Die Plattenbau-Rayone der Wiener 1960er-Jahre sind nicht der Ort, an dem man prioritär nach schützenswerten Baudenkmälern sucht. Bei allem Respekt für die Anlagen, die ihr den Tagen ihrer Errichtung geschuldetes Grundprinzip – maximal viel Wohnraum zu minimalen Kosten in kürzest möglicher Zeit – mit der Würde der Ehrlichkeit nach außen tragen: Perlen einer verfeinerten Baukunst wird man darunter nicht finden können.

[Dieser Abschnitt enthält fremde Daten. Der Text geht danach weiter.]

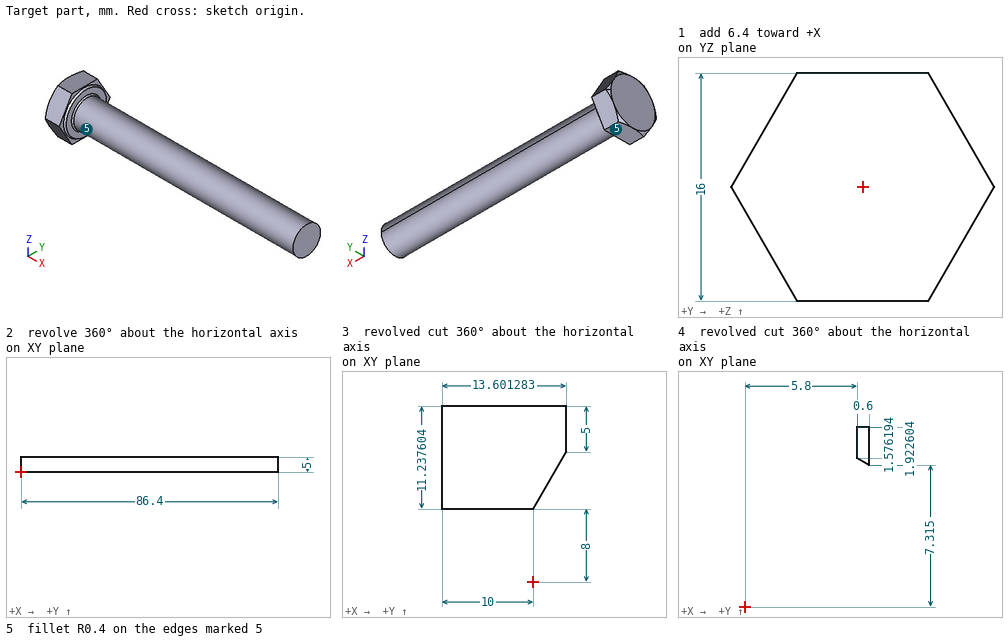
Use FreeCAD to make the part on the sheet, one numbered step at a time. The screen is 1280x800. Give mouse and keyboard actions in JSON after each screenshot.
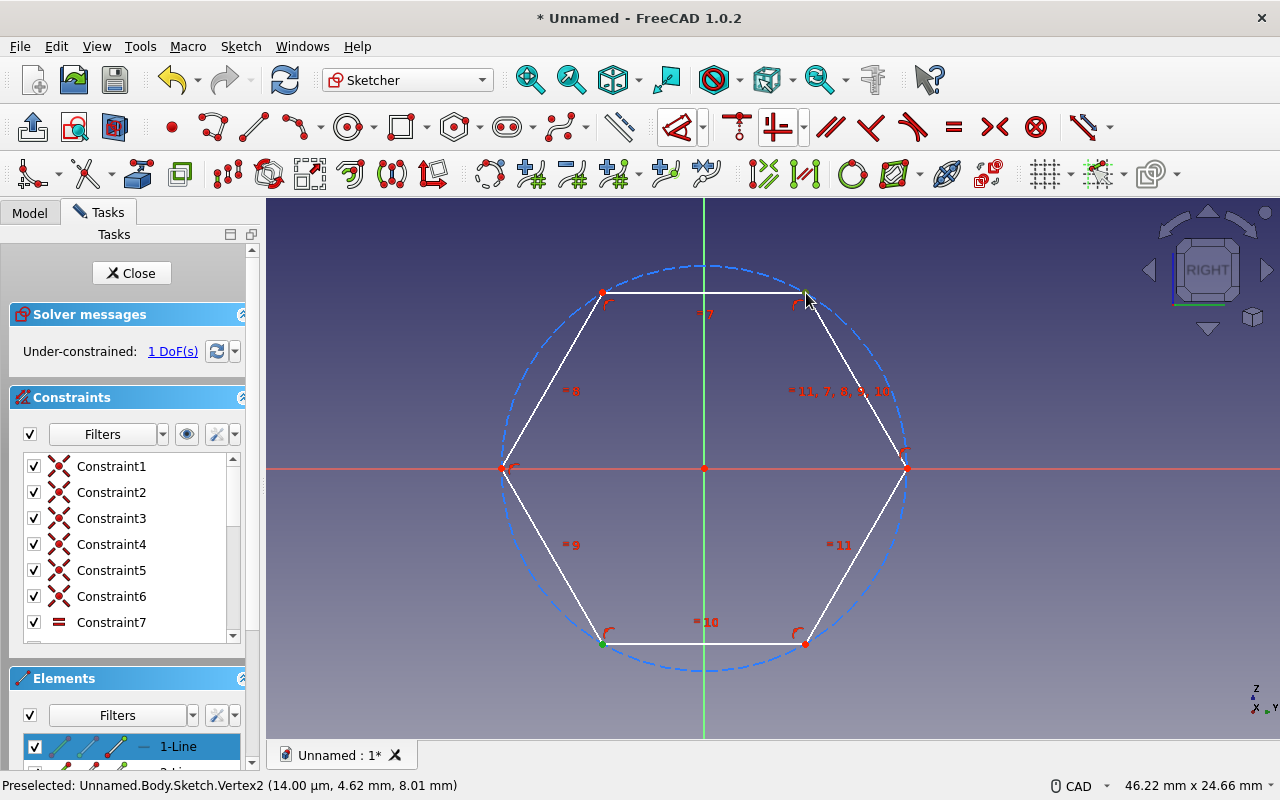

Und selbst dass wir heute, unter sehr viel komfortableren Umständen, noch immer nicht imstande sind, mit unseren Neubauten jene vielfach verachteten Quartiere in Sachen Wohnqualität verlässlich zu übertreffen, macht aus einem Plattenbau kein Schloss Schönbrunn.

. . . mit Kirche . . .wf

Andererseits, so medioker kann ein Umfeld gar nicht sein, dass sich nicht doch darin Bemerkenswertes begeben könnte. Nehmen wir den Rudolf-Köppl-Hof, Wien Donaustadt: 1314 Wohneinheiten, aufgeteilt auf 23 Blöcke, zwischen Saikogasse und Anton-Sattler-Gasse Mitte der 1960er routiniert auf den Kagraner Acker gestellt. Für sich genommen nichts Auffälliges. Mittendrin freilich öffnet sich der Blick in eine ganz andere Architekturwelt: die des Karl Schwanzer (1918–1975). Anfang der 1970er hat Schwanzer ein Pfarrzentrum samt angeschlossener Kirche für diesen Gemeindebau geplant, lässt die unterschiedlichen Funktionen, aufgeteilt auf vier verschränkte, kreisförmige Baueinheiten, innig umschlungen miteinander tanzen: ein – mittlerweile denkmalgeschütztes – Vorzeigewerk seiner Zeit.